**Collected data:**
________
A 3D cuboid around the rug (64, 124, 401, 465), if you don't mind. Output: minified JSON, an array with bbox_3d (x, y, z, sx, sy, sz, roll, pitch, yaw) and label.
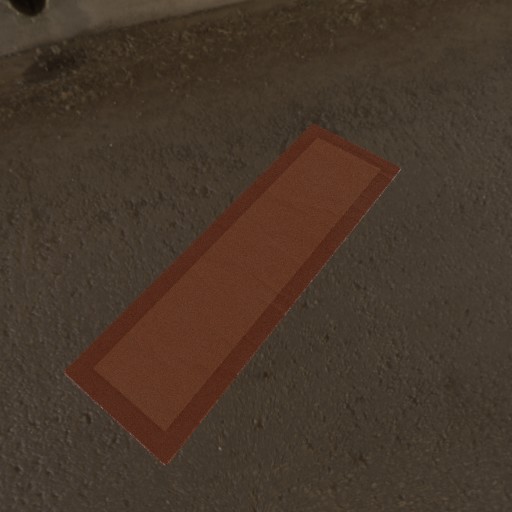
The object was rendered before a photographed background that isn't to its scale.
[{"bbox_3d":[0.000,0.000,2.765,0.914,0.013,2.471,30,63,17],"label":"rug"}]
________
**Work to complete:** Would you transcribe, exactly, the lines running from the one that contains "The object was" through the final line of the listing above? Include both ends and nothing else.

**Problem solution:**
The object was rendered before a photographed background that isn't to its scale.
[{"bbox_3d":[0.000,0.000,2.765,0.914,0.013,2.471,30,63,17],"label":"rug"}]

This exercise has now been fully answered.